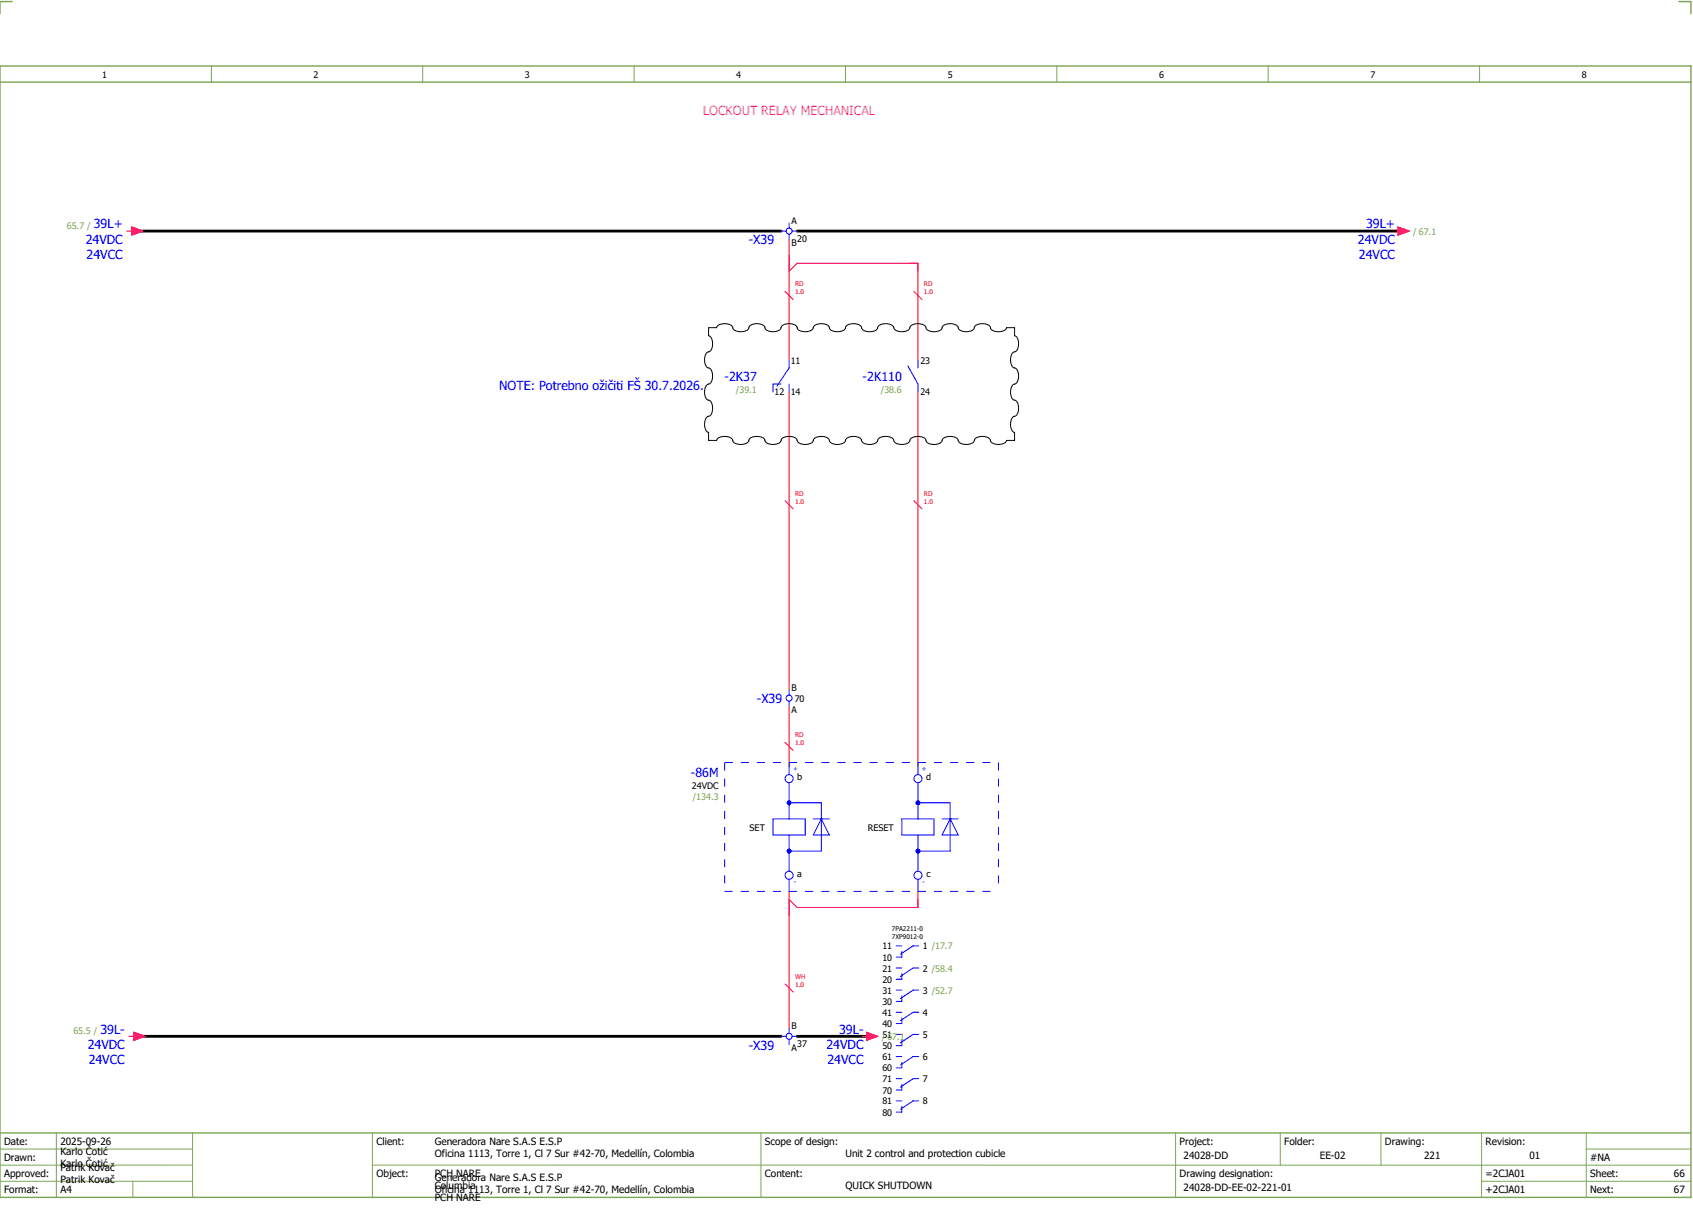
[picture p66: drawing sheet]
<svg xmlns="http://www.w3.org/2000/svg" width="421mm" height="301mm" viewBox="0 0 421 301" stroke-linecap="round" stroke-linejoin="round" font-family="sans-serif">
<defs><g id="words">
<text font-size="3.1" fill="#f0f" x="174.6" y="28.5">LOCKOUT RELAY MECHANICAL</text>
<g font-size="3.1" fill="#00f">
<text x="23.3" y="56.8">39L+</text>
<text x="339.3" y="56.8">39L+</text>
<text x="21.3" y="60.5">24VDC</text>
<text x="21.5" y="64.3">24VCC</text>
<text x="186" y="60.7">-X39</text>
<text x="337.3" y="60.5">24VDC</text>
<text x="337.5" y="64.3">24VCC</text>
<text x="180" y="94.6">-2K37</text>
<text x="214.3" y="94.6">-2K110</text>
<text x="124" y="96.8">NOTE: Potrebno ožičiti FŠ 30.7.2026.</text>
<text x="188" y="174.6">-X39</text>
<text x="171.6" y="193">-86M</text>
<text x="24.9" y="256.8">39L-</text>
<text x="208.4" y="256.8">39L-</text>
<text x="21.8" y="260.5">24VDC</text>
<text x="186" y="260.7">-X39</text>
<text x="205.3" y="260.5">24VDC</text>
<text x="22" y="264.3">24VCC</text>
<text x="205.5" y="264.3">24VCC</text>
</g>
<g font-size="2.5">
<text x="1" y="284.4">Date:</text>
<text x="15" y="286.9">Karlo Čotić</text>
<text x="15" y="284.4">2025-09-26</text>
<text x="93.5" y="284.4">Client:</text>
<text x="108" y="284.4">Generadora Nare S.A.S E.S.P</text>
<text x="108" y="287.4">Oficina 1113, Torre 1, Cl 7 Sur #42-70, Medellín, Colombia</text>
<text x="190" y="284.4">Scope of design:</text>
<text x="210" y="287.4">Unit 2 control and protection cubicle</text>
<text x="293" y="284.4">Project:</text>
<text x="294" y="287.9">24028-DD</text>
<text x="319" y="284.4">Folder:</text>
<text x="327.8" y="287.9">EE-02</text>
<text x="344" y="284.4">Drawing:</text>
<text x="353.7" y="287.9">221</text>
<text x="369" y="284.4">Revision:</text>
<text x="379.9" y="287.9">01</text>
<text x="1" y="288.4">Drawn:</text>
<text x="1" y="292.4">Approved:</text>
<text x="15" y="289.9">Karlo Čotić</text>
<text x="15" y="290.9">Patrik Kovač</text>
<text x="15" y="293.9">Patrik Kovač</text>
<text x="93.5" y="292.4">Object:</text>
<text x="108" y="293.4">Generadora Nare S.A.S E.S.P</text>
<text x="108" y="292.4">PCH NARE</text>
<text x="190" y="292.4">Content:</text>
<text x="293" y="292.4">Drawing designation:</text>
<text x="369" y="292.4">=2CJA01</text>
<text x="395" y="292.4">Sheet:</text>
<text x="395" y="288.4">#NA</text>
<text x="415.8" y="292.4">66</text>
<text x="1" y="296.4">Format:</text>
<text x="15" y="296.4">A4</text>
<text x="108" y="296.4">Oficina 1113, Torre 1, Cl 7 Sur #42-70, Medellín, Colombia</text>
<text x="108" y="295.4">Columbia</text>
<text x="108" y="298.4">PCH NARE</text>
<text x="210" y="295.4">QUICK SHUTDOWN</text>
<text x="294" y="295.9">24028-DD-EE-02-221-01</text>
<text x="369" y="296.4">+2CJA01</text>
<text x="395" y="296.4">Next:</text>
<text x="415.8" y="296.4">67</text>
</g>
<g font-size="2.2">
<text x="25.4" y="19.4">1</text>
<text x="77.9" y="19.4">2</text>
<text x="130.4" y="19.4">3</text>
<text x="182.9" y="19.4">4</text>
<text x="235.4" y="19.4">5</text>
<text x="287.9" y="19.4">6</text>
<text x="340.4" y="19.4">7</text>
<text x="392.9" y="19.4">8</text>
<text x="196.6" y="55.5">A</text>
<text x="196.6" y="61">B</text>
<text x="198" y="60">20</text>
<text x="196.4" y="90.3">11</text>
<text x="228.6" y="90.3">23</text>
<text x="192.4" y="98.2">12</text>
<text x="196.4" y="98.2">14</text>
<text x="228.6" y="98.2">24</text>
<text x="196.6" y="171.5">B</text>
<text x="196.6" y="177">A</text>
<text x="197.4" y="174.3">70</text>
<text x="171.9" y="195.9">24VDC</text>
<text x="198" y="193.8">b</text>
<text x="230" y="193.8">d</text>
<text x="186.2" y="206.3">SET</text>
<text x="215.6" y="206.3">RESET</text>
<text x="198" y="217.8">a</text>
<text x="230.1" y="217.8">c</text>
<text x="219.2" y="238.6">10</text>
<text x="219.2" y="235.8">11</text>
<text x="229.2" y="235.8">1 /17.7</text>
<text x="219.2" y="244.1">20</text>
<text x="219.2" y="241.3">21</text>
<text x="229.2" y="241.3">2 /58.4</text>
<text x="219.2" y="249.6">30</text>
<text x="219.2" y="246.8">31</text>
<text x="229.2" y="246.8">3 /52.7</text>
<text x="196.6" y="255.5">B</text>
<text x="219.2" y="255.1">40</text>
<text x="219.2" y="252.3">41</text>
<text x="219.2" y="257.8">51</text>
<text x="229.2" y="252.3">4</text>
<text x="229.2" y="257.8">5</text>
<text x="196.6" y="261">A</text>
<text x="198" y="260">37</text>
<text x="219.2" y="260.6">50</text>
<text x="219.2" y="263.3">61</text>
<text x="229.2" y="263.3">6</text>
<text x="219.2" y="266.1">60</text>
<text x="219.2" y="268.8">71</text>
<text x="229.2" y="268.8">7</text>
<text x="219.2" y="271.6">70</text>
<text x="219.2" y="274.3">81</text>
<text x="229.2" y="274.3">8</text>
<text x="219.2" y="277.1">80</text>
</g>
<g font-size="2.2" fill="#7ca552">
<text x="16.6" y="56.9">65.7 /</text>
<text x="351" y="58.3">/ 67.1</text>
<text x="182.8" y="97.5">/39.1</text>
<text x="218.8" y="97.5">/38.6</text>
<text x="172.1" y="198.6">/134.3</text>
<text x="18.2" y="256.9">65.5 /</text>
<text x="219" y="258.3">/ 67.1</text>
</g>
<g font-size="1.6" fill="#f00">
<text x="197.5" y="71.1">RD</text>
<text x="229.5" y="71.1">RD</text>
<text x="197.5" y="73.1">1.0</text>
<text x="229.5" y="73.1">1.0</text>
<text x="197.5" y="125.1">1.0</text>
<text x="197.5" y="123.1">RD</text>
<text x="229.5" y="125.1">1.0</text>
<text x="229.5" y="123.1">RD</text>
<text x="197.5" y="185.1">1.0</text>
<text x="197.5" y="183.1">RD</text>
<text x="197.5" y="245.1">1.0</text>
<text x="197.5" y="243.1">WH</text>
</g>
<g font-size="1.6" fill="#00f">
<text x="197" y="191.5">+</text>
<text x="229" y="191.5">+</text>
<text x="197.2" y="219.6">-</text>
<text x="229.2" y="219.6">-</text>
</g>
<g font-size="1.6">
<text x="221.5" y="231.3">7PA2211-0</text>
<text x="221.5" y="233.2">7XP9012-0</text>
</g>
</g></defs>
<path d="M0 16.4h420v281h-420zM3 .4h-3v3M417 .4h3v3M0 20.4h420M0 281.4h420" fill="none" stroke="#7ca552" stroke-width=".35"/>
<g fill="none" stroke="#7ca552" stroke-width=".25">
<path d="M52.5 16.4v4M105 16.4v4M157.5 16.4v4M210 16.4v4M262.5 16.4v4M315 16.4v4M367.5 16.4v4M0 285.4h47.8M0 293.4h47.8M14 281.4v16M33 293.4v4M47.8 281.4v16"/>
<path d="M47.8 289.4h-47.8M92.5 281.4v16M92.5 289.4h327.5M189 281.4v16M292 281.4v15.8M318 281.4v8M343 281.4v8M368 281.4v15.8M368 293.4h52M394 285.4h26M394 281.4v15.8"/>
</g>
<path d="M196 59.4v30M198 65.4h30v24M196 97.4v74M228 97.4v93M196 175.4v15M196 221.4v34M228 221.4v4h-30" fill="none" stroke="#f00" stroke-width=".25"/>
<path d="M33.5 57.4h160.5M198 57.4h150M34 257.4h160M198 257.4h18" fill="none" stroke="#000" stroke-width=".7"/>
<path d="M196 199.4h8v12h-8M192 203.4h8v4h-8zM202 203.4h4M204 203.4h.1M204 203.4l2 4h-4z" fill="none" stroke="#00f" stroke-width=".25"/>
<g fill="#00f">
<circle cx="196" cy="199.4" r=".62"/>
<circle cx="196" cy="211.4" r=".62"/>
</g>
<path d="M196 194.4v9M228 199.4h8v12h-8M196 207.4v9M224 203.4h8v4h-8zM234 203.4h4M236 203.4h.1M236 203.4l2 4h-4z" fill="none" stroke="#00f" stroke-width=".25"/>
<g fill="#00f">
<circle cx="228" cy="199.4" r=".63"/>
<circle cx="228" cy="211.4" r=".63"/>
</g>
<g fill="none" stroke="#00f" stroke-width=".25">
<path d="M194 57.4h1.3M196 55.4v1.2M196 58.1v1.3M196.8 57.4h1.2M194 95.4h-2v2M196 95.4v2M196 89.4v2l-3 4.5M225.5 90.9l2.5 4.5v2M228 89.4v2M196 171.4v1.2M196 174.1v1.3M196 189.4v3"/>
<path d="M228 189.4v3M228 194.4v9M196 218.4v3M228 207.4v9M228 218.4v3M222.6 234.9h1.4M224 236.3v1.4h-1.4M228.2 234.9h-1.4l-3.2 2.1M194 257.4h1.3M196 255.4v1.2M196 258.1v1.3M196.8 257.4h1.2"/>
<path d="M222.6 240.4h1.4M222.6 245.9h1.4M222.6 251.4h1.4M222.6 256.9h1.4M224 241.8v1.4h-1.4M224 247.3v1.4h-1.4M224 252.8v1.4h-1.4M224 258.3v1.4h-1.4M228.2 240.4h-1.4l-3.2 2.1M228.2 245.9h-1.4l-3.2 2.1M228.2 251.4h-1.4l-3.2 2.1M228.2 256.9h-1.4l-3.2 2.1"/>
<path d="M222.6 262.4h1.4M222.6 267.9h1.4M222.6 273.4h1.4M224 263.8v1.4h-1.4M224 269.3v1.4h-1.4M224 274.8v1.4h-1.4M228.2 262.4h-1.4l-3.2 2.1M228.2 267.9h-1.4l-3.2 2.1M228.2 273.4h-1.4l-3.2 2.1"/>
<circle cx="196" cy="57.4" r=".75"/>
<circle cx="196" cy="173.4" r=".75"/>
<circle cx="196" cy="193.4" r="1"/>
<circle cx="228" cy="193.4" r="1"/>
<circle cx="196" cy="217.4" r="1"/>
<circle cx="228" cy="217.4" r="1"/>
<circle cx="196" cy="257.4" r=".75"/>
</g>
<path d="M180 189.4h68M180 189.4v32M248 189.4v32M180 221.4h68" fill="none" stroke="#00f" stroke-width=".25" stroke-dasharray="2 2" stroke-linecap="butt"/>
<g fill="none" stroke="#f00" stroke-width=".25">
<path d="M31.5 57.4h1.2M32.7 56.4l2.8 1-2.8 1zM346 57.4h1.3M347.3 56.4l2.7 1-2.7 1zM195 72.4l2 2M196 63.4v4l2-2M226 65.4h2v2M227 72.4l2 2M195 124.4l2 2M227 124.4l2 2M195 184.4l2 2M198 225.4l-2-2v4"/>
<path d="M228 223.4v2h-2M32 257.4h1.3M33.3 256.4l2.7 1-2.7 1zM195 244.4l2 2M214 257.4h1.2M215.2 256.4l2.8 1-2.8 1z"/>
</g>
<path d="M176 81.4h2l.1-.3a2.98 2.98 0 0 1 3.8 0 1.69 1.69 0 0 0 2.1 1.3 1.68 1.68 0 0 0 2.1-1.3 2.98 2.98 0 0 1 3.8 0 1.69 1.69 0 0 0 2.1 1.3 1.68 1.68 0 0 0 2.1-1.3 2.98 2.98 0 0 1 3.8 0 1.69 1.69 0 0 0 2.1 1.3 1.68 1.68 0 0 0 2.1-1.3 2.98 2.98 0 0 1 3.8 0 1.68 1.68 0 0 0 2.1 1.3 1.68 1.68 0 0 0 2.1-1.3 2.98 2.98 0 0 1 3.8 0 1.69 1.69 0 0 0 2.1 1.3 1.68 1.68 0 0 0 2.1-1.3 2.98 2.98 0 0 1 3.8 0 1.69 1.69 0 0 0 2.1 1.3 1.68 1.68 0 0 0 2.1-1.3 2.98 2.98 0 0 1 3.8 0 1.68 1.68 0 0 0 2.1 1.3 1.68 1.68 0 0 0 2.1-1.3 2.98 2.98 0 0 1 3.8 0 1.69 1.69 0 0 0 2.1 1.3 1.68 1.68 0 0 0 2.1-1.3 2.98 2.98 0 0 1 3.8 0 1.69 1.69 0 0 0 2.1 1.3 1.93 1.93 0 0 0 2-1h2v2a2.17 2.17 0 0 1 .9 2.6 1.46 1.46 0 0 1-1.2 1.5 2.98 2.98 0 0 0 0 3.8 1.68 1.68 0 0 1 1.3 2.1 1.69 1.69 0 0 1-1.3 2.1 2.98 2.98 0 0 0 0 3.8 1.68 1.68 0 0 1 1.3 2.1 1.68 1.68 0 0 1-1.3 2.1 2.98 2.98 0 0 0 0 3.8l.3 .1v2h-2l-.1 .3a2.98 2.98 0 0 1-3.8 0 1.68 1.68 0 0 0-2.1-1.3 1.68 1.68 0 0 0-2.1 1.3 2.98 2.98 0 0 1-3.8 0 1.69 1.69 0 0 0-2.1-1.3 1.68 1.68 0 0 0-2.1 1.3 2.98 2.98 0 0 1-3.8 0 1.69 1.69 0 0 0-2.1-1.3 1.68 1.68 0 0 0-2.1 1.3 2.98 2.98 0 0 1-3.8 0 1.68 1.68 0 0 0-2.1-1.3 1.68 1.68 0 0 0-2.1 1.3 2.98 2.98 0 0 1-3.8 0 1.69 1.69 0 0 0-2.1-1.3 1.68 1.68 0 0 0-2.1 1.3 2.98 2.98 0 0 1-3.8 0 1.69 1.69 0 0 0-2.1-1.3 1.68 1.68 0 0 0-2.1 1.3 2.98 2.98 0 0 1-3.8 0 1.68 1.68 0 0 0-2.1-1.3 1.68 1.68 0 0 0-2.1 1.3 2.98 2.98 0 0 1-3.8 0 1.68 1.68 0 0 0-2.1-1.3 1.68 1.68 0 0 0-2.1 1.3 2.98 2.98 0 0 1-3.8 0 1.69 1.69 0 0 0-2.1-1.3 1.93 1.93 0 0 0-2 1h-2v-2a2.17 2.17 0 0 1-.9-2.6 1.46 1.46 0 0 1 1.2-1.5 2.98 2.98 0 0 0 0-3.8 1.68 1.68 0 0 1-1.3-2.1 1.69 1.69 0 0 1 1.3-2.1 2.98 2.98 0 0 0 0-3.8 1.68 1.68 0 0 1-1.3-2.1 1.68 1.68 0 0 1 1.3-2.1 2.98 2.98 0 0 0 0-3.8l-.3-.1z" fill="none" stroke="#000" stroke-width=".25"/>
<g fill="#f00" stroke="#f00" stroke-width=".25">
<path d="M32.7 56.4l2.8 1-2.8 1z"/>
<path d="M33.3 256.4l2.7 1-2.7 1z"/>
<path d="M347.3 56.4l2.7 1-2.7 1z"/>
<path d="M215.2 256.4l2.8 1-2.8 1z"/>
</g>
<use href="#words"/>
</svg>

· · · ·

Give back every line of the listing where the word "Oficina" shows up.

▸ Solved exercise
<text x="108" y="287.4">Oficina 1113, Torre 1, Cl 7 Sur #42-70, Medellín, Colombia</text>
<text x="108" y="296.4">Oficina 1113, Torre 1, Cl 7 Sur #42-70, Medellín, Colombia</text>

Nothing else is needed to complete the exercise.